My parents did not care. He was *their* son. Who was home again, finally.
I would love to say that M’s story was a “happily ever after” one, but unfortunately, I can’t. He played high-school sports. He made a lot of forever-friends. However, he never was the happy-go-lucky M we knew as a baby, toddler and little boy. He was jaded. He had a hard time trusting adults. He struggled in school. He struggled in life. He ran away (often). He used drugs and drank too much.
I am a firm believer that a child learns most of the major life lessons by the age of 5 (compassion, fairness, honesty, etc…) One of the things about M that his counselors (and parole agents) have always told us is that he’s a “good kid” (and we’ve always known that). He’s one of the nicest, most compassionate, most honest. juvenile delinquents / criminals that you’ll ever meet. However, M is troubled and always will be (rightfully so).
Today, M is serving a short prison sentence for vandalism and assault. His bio-family doesn’t visit or write him, but my family does. We love M unconditionally.

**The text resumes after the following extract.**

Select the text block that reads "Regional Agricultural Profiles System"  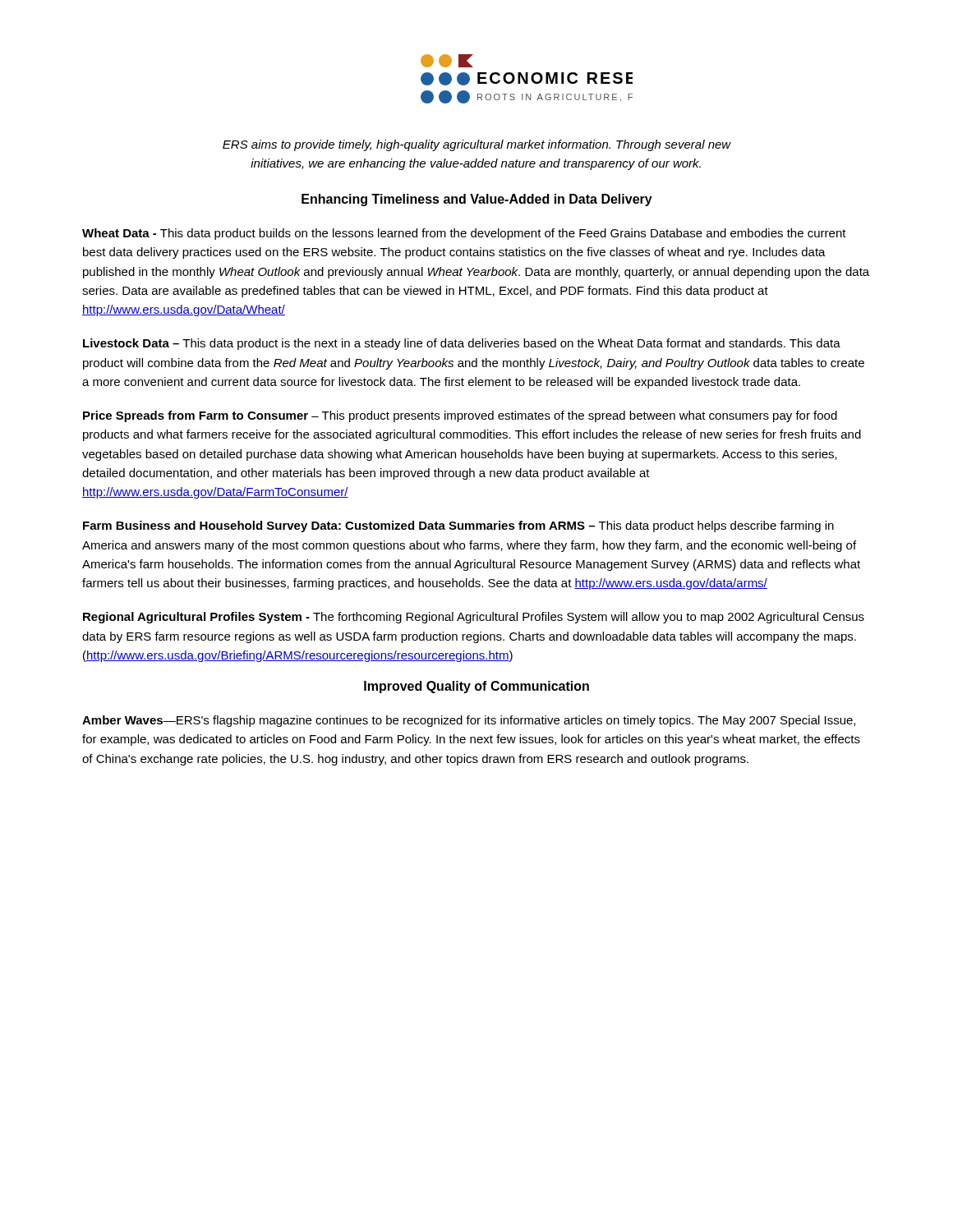pos(473,636)

As a teenager, M trusted me with “glimpses” into what life was like for him after he’d been taken from us. As an overly protective big sister, his secrets will remain in my trust.

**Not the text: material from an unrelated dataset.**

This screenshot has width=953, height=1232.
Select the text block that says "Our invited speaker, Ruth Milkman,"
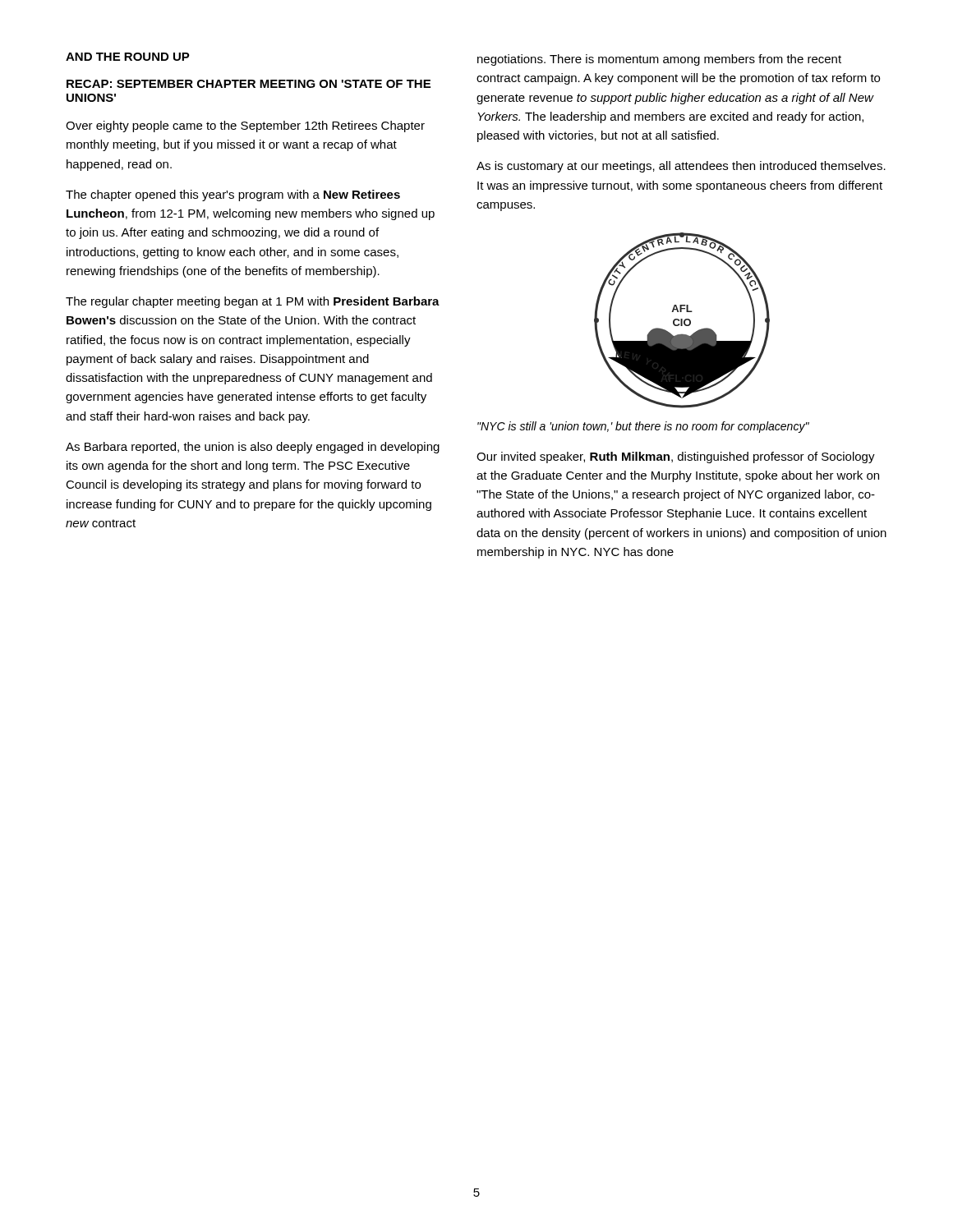tap(682, 504)

When M was taken from our home he was old enough to tell everyone that would listen that he did not want to leave us (and he did…verbally, yet when that didn’t work he resorted to kicking and screaming). The courts, his biological family and the tribe failed him. They ignored him.
My family listened to M and fought for him. Yet when all was said and done, in M’s little mind we also ignored and abandoned him as well. Today he knows that we did everything in our power to keep him, but I am not confident the psychological damage he endured at the tender age of 4 will ever be healed. Today M is a deeply troubled young man and yet again, our family is left with uncertainty about his future and safety. As a young man, he is the only one that is responsible for his choices (and they have been poor ones as of late).
That being said, I am not angry with M. I am angry that he has emotional scars. I am angry that his story could have and should have been different. I am angry that he was abused and it could have been easily prevented. I am angry that the system designed to protect him failed him. I am angry that the appellate court judge was a coward. I am angry that my parents’ and siblings’ hands are tied once again and there is nothing that we can do to protect him (aside from being a soft place for him to land).
Today, all I can do is be the voice that he never had. I will start by sharing his story and I will kick and scream (as M did) until someone listens to me. I will continue to protect my brother (as only a big-sister can) and I will fight to prevent the same outcome for other children who have been (and will become) victims of the misapplication of the Indian Child Welfare Act.
I was inspired to share our story (after 20 years) by the Save Veronica Rose campaign (www.saveveronica.org). Please take a moment to listen to Veronica’s voice and to demand that the Indian Child Welfare Act be repealed or amended to protect children who’ve become unnecessary victims of the misapplication of it.